** Assignment **
Repeat the entries exactly, and do not carry the pictures over.

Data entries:

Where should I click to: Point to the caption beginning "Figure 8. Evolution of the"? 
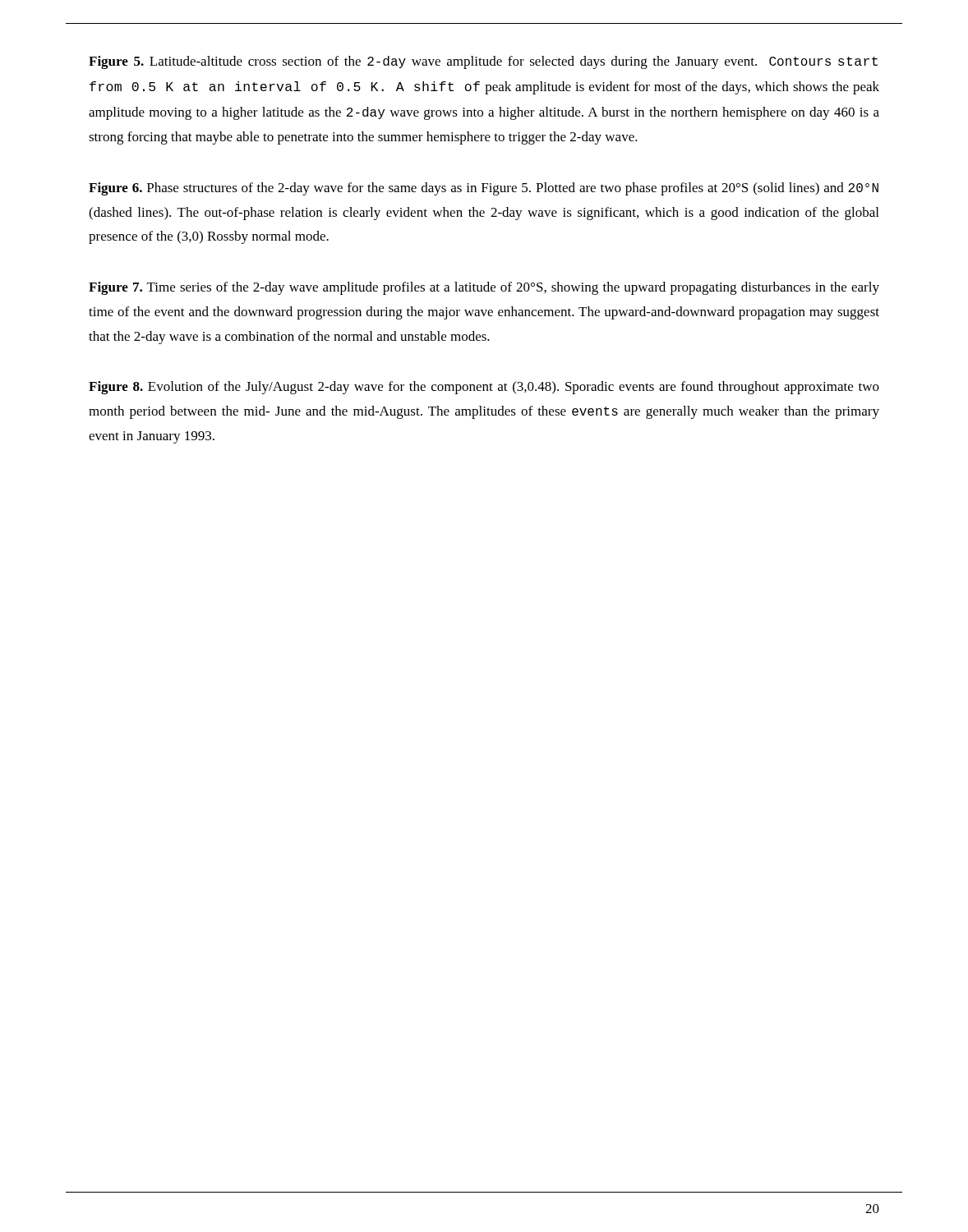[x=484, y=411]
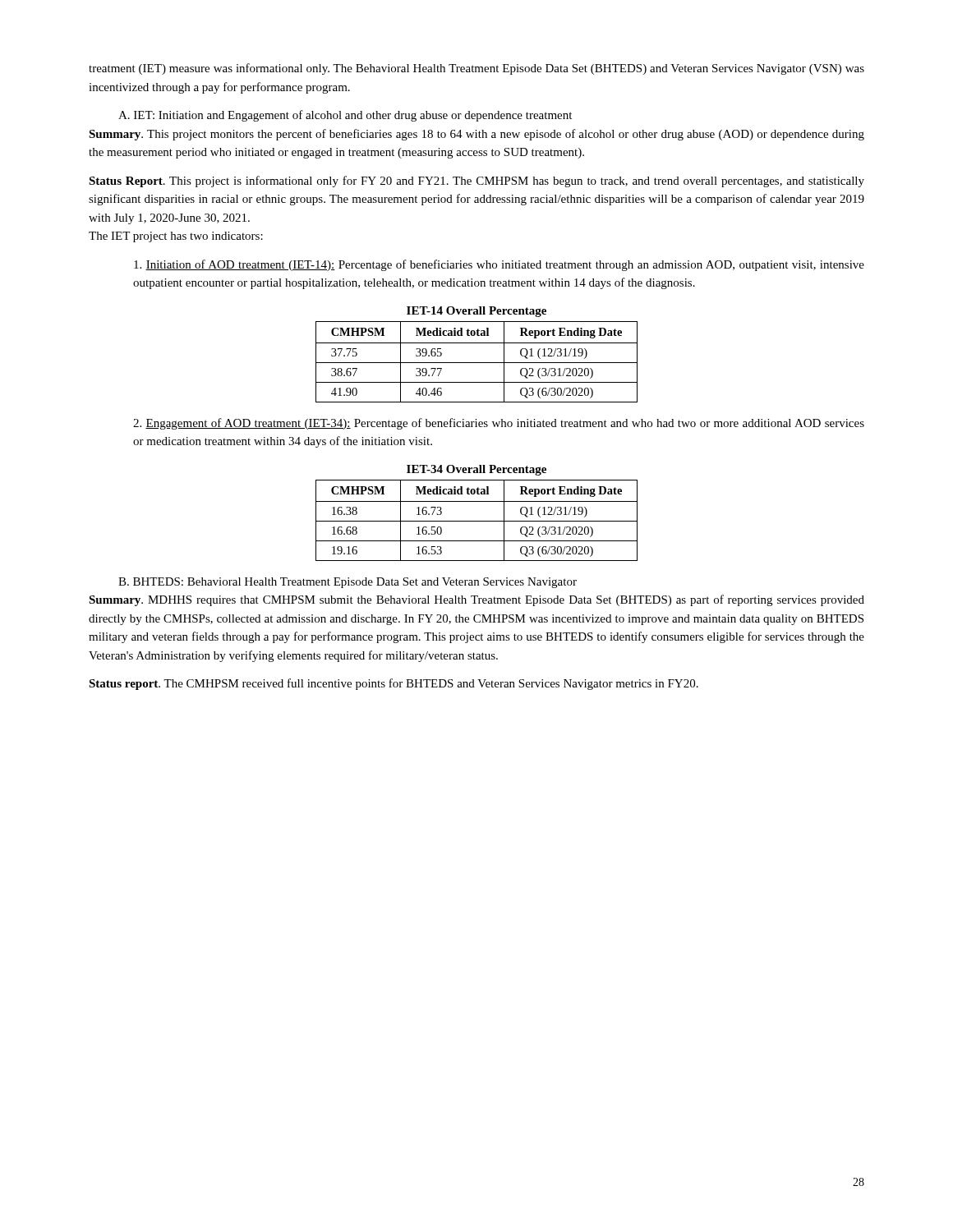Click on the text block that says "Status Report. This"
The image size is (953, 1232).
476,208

** Result of this task **
Where should I click to: Point to the caption beginning "Figure 8. Evolution of the"? 
[x=484, y=411]
Click on the text block that says "Status Report. This"
The image size is (953, 1232).
476,208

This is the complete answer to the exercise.